Work item:
Gather each line of the records where "Answer" appears.
+-------+
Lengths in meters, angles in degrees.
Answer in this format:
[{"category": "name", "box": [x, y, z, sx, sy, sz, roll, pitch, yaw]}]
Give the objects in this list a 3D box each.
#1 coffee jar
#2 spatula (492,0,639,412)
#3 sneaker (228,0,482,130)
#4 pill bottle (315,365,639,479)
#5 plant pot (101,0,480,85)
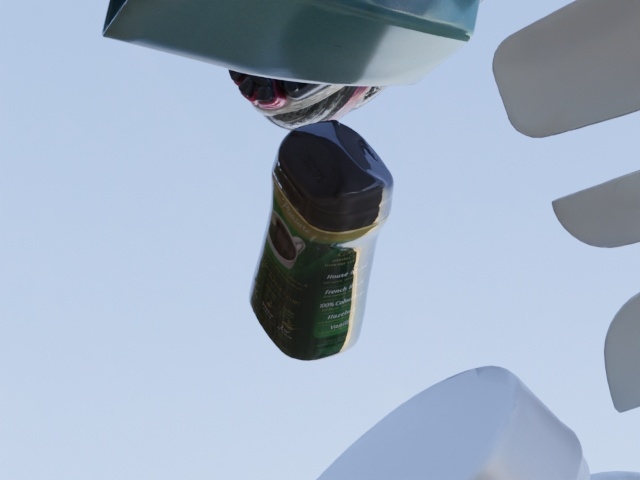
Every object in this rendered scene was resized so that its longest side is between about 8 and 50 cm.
+-------+
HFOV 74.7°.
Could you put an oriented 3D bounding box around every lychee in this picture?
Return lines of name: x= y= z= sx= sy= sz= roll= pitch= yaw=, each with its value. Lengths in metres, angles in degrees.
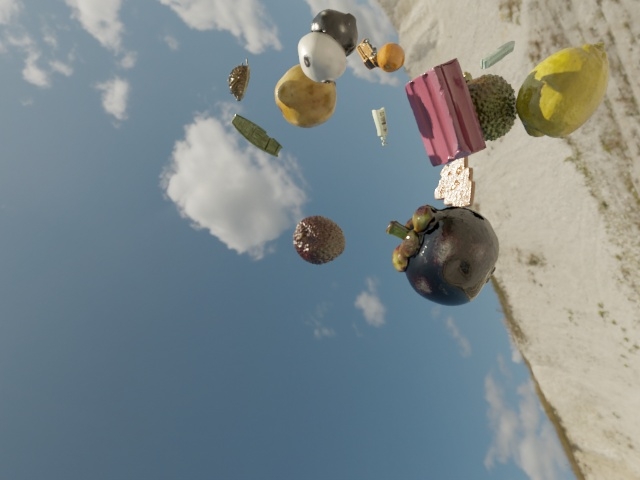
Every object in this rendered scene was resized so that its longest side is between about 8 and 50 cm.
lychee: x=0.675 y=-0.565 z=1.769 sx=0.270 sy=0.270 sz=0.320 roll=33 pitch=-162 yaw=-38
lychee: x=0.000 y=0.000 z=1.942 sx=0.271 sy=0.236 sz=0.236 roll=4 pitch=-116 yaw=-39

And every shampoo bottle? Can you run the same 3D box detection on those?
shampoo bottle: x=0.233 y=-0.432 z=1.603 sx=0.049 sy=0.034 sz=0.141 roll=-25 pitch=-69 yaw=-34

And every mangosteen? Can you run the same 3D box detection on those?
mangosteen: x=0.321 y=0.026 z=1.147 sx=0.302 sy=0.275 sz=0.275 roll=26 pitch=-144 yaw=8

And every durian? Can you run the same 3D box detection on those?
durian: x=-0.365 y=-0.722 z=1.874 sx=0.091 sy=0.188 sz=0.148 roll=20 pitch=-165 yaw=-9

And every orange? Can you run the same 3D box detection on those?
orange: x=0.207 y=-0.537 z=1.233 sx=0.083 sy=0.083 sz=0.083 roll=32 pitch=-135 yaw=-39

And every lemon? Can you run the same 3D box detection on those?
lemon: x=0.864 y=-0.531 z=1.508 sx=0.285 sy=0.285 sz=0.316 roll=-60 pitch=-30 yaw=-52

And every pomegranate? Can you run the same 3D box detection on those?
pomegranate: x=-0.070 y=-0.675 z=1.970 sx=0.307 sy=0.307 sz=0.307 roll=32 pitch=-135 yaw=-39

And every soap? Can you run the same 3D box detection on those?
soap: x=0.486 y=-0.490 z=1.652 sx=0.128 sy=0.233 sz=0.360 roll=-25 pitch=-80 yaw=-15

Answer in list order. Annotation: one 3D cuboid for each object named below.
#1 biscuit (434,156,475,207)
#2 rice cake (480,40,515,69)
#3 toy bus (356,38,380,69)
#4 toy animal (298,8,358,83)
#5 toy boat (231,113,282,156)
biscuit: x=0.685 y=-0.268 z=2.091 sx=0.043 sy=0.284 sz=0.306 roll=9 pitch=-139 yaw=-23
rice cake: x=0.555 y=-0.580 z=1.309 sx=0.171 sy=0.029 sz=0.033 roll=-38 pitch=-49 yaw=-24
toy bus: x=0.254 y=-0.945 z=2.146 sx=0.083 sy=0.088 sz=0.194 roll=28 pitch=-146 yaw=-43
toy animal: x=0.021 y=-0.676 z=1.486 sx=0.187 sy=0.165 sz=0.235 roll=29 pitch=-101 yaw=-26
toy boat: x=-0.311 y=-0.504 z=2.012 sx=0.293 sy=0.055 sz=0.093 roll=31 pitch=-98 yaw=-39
+-------+
Written solution:
Answer in this format:
Answer in list order. Annotation: one 3D cuboid for each object named below.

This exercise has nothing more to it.